(Exercise details) Search the entries below for the word "side", then copy each line in which it is found.

(Exercise material)
▬▬▬▬▬▬▬▬▬▬

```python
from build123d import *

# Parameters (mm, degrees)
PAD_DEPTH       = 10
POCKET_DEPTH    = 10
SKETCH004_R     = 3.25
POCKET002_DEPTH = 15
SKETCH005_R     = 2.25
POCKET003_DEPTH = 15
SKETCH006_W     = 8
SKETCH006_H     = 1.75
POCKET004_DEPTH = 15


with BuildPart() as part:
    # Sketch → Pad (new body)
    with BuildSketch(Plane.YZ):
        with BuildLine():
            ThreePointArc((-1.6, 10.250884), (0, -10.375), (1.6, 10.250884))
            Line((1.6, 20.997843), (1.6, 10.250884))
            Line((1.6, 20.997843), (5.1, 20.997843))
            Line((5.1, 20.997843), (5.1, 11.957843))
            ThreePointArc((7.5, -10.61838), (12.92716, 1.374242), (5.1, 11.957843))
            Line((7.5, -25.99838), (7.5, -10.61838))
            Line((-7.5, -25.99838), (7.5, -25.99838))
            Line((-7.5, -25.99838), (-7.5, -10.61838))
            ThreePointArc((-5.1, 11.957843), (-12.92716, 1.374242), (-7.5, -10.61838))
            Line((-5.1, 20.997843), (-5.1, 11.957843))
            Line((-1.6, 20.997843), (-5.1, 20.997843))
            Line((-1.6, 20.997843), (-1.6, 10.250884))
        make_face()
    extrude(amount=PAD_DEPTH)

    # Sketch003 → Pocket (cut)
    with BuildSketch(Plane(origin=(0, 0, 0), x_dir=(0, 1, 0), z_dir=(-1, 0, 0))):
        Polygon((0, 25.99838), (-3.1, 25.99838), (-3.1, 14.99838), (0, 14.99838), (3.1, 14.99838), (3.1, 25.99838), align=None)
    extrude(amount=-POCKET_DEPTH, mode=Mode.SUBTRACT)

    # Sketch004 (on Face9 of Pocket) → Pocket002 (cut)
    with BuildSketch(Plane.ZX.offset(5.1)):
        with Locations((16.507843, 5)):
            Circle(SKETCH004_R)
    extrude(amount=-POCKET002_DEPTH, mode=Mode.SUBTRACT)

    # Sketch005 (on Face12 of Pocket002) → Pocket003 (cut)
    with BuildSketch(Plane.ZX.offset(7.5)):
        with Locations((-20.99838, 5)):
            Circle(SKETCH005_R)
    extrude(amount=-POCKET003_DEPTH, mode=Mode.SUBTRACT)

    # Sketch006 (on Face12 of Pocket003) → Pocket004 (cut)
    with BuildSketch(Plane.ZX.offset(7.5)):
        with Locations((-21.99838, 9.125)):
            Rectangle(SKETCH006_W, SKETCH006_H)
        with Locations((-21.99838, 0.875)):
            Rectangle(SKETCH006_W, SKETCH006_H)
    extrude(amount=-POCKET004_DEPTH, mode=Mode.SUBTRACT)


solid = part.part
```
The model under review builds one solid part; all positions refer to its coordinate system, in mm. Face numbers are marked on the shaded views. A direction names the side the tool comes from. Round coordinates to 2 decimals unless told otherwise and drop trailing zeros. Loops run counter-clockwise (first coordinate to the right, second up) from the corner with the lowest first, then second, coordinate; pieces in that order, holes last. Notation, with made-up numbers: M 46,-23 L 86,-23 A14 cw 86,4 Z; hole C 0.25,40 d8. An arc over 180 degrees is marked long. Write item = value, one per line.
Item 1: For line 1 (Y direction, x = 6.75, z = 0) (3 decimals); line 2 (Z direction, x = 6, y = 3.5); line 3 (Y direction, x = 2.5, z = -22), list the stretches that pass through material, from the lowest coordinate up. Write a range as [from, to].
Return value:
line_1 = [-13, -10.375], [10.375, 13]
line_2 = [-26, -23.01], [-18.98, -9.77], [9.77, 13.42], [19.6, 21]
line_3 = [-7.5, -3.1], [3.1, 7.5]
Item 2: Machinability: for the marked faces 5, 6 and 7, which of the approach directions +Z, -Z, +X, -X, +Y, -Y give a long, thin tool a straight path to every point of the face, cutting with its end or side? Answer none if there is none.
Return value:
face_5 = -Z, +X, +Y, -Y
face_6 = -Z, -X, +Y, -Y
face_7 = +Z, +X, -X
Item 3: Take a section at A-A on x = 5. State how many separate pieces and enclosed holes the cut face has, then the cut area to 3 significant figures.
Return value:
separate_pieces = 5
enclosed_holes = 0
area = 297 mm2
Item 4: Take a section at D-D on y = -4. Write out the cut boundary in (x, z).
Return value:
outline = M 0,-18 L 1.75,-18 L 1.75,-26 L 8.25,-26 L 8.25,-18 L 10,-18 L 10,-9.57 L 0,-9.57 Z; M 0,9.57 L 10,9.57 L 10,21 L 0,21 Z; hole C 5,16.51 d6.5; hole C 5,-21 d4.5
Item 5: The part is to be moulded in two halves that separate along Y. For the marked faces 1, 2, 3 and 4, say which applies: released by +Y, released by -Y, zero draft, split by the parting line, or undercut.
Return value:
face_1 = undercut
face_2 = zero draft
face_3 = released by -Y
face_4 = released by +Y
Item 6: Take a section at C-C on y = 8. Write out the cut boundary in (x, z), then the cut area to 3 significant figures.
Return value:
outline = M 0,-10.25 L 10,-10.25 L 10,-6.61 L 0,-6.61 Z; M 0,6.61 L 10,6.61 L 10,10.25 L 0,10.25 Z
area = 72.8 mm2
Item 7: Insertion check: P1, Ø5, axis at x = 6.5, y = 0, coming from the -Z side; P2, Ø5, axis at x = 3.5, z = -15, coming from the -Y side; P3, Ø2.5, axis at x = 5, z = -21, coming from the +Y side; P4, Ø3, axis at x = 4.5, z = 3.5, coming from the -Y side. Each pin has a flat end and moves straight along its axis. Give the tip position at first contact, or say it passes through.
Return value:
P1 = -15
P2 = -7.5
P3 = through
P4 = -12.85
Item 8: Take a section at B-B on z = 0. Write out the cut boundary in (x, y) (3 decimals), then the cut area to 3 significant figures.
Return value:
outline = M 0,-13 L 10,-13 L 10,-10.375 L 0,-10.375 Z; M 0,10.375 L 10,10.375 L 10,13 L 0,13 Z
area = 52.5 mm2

▬▬▬▬▬▬▬▬▬▬

(Task solution)
The model under review builds one solid part; all positions refer to its coordinate system, in mm. Face numbers are marked on the shaded views. A direction names the side the tool comes from. Round coordinates to 2 decimals unless told otherwise and drop trailing zeros. Loops run counter-clockwise (first coordinate to the right, second up) from the corner with the lowest first, then second, coordinate; pieces in that order, holes last. Notation, with made-up numbers: M 46,-23 L 86,-23 A14 cw 86,4 Z; hole C 0.25,40 d8. An arc over 180 degrees is marked long. Write item = value, one per line.
Item 2: Machinability: for the marked faces 5, 6 and 7, which of the approach directions +Z, -Z, +X, -X, +Y, -Y give a long, thin tool a straight path to every point of the face, cutting with its end or side? Answer none if there is none.
Item 7: Insertion check: P1, Ø5, axis at x = 6.5, y = 0, coming from the -Z side; P2, Ø5, axis at x = 3.5, z = -15, coming from the -Y side; P3, Ø2.5, axis at x = 5, z = -21, coming from the +Y side; P4, Ø3, axis at x = 4.5, z = 3.5, coming from the -Y side. Each pin has a flat end and moves straight along its axis. Give the tip position at first contact, or say it passes through.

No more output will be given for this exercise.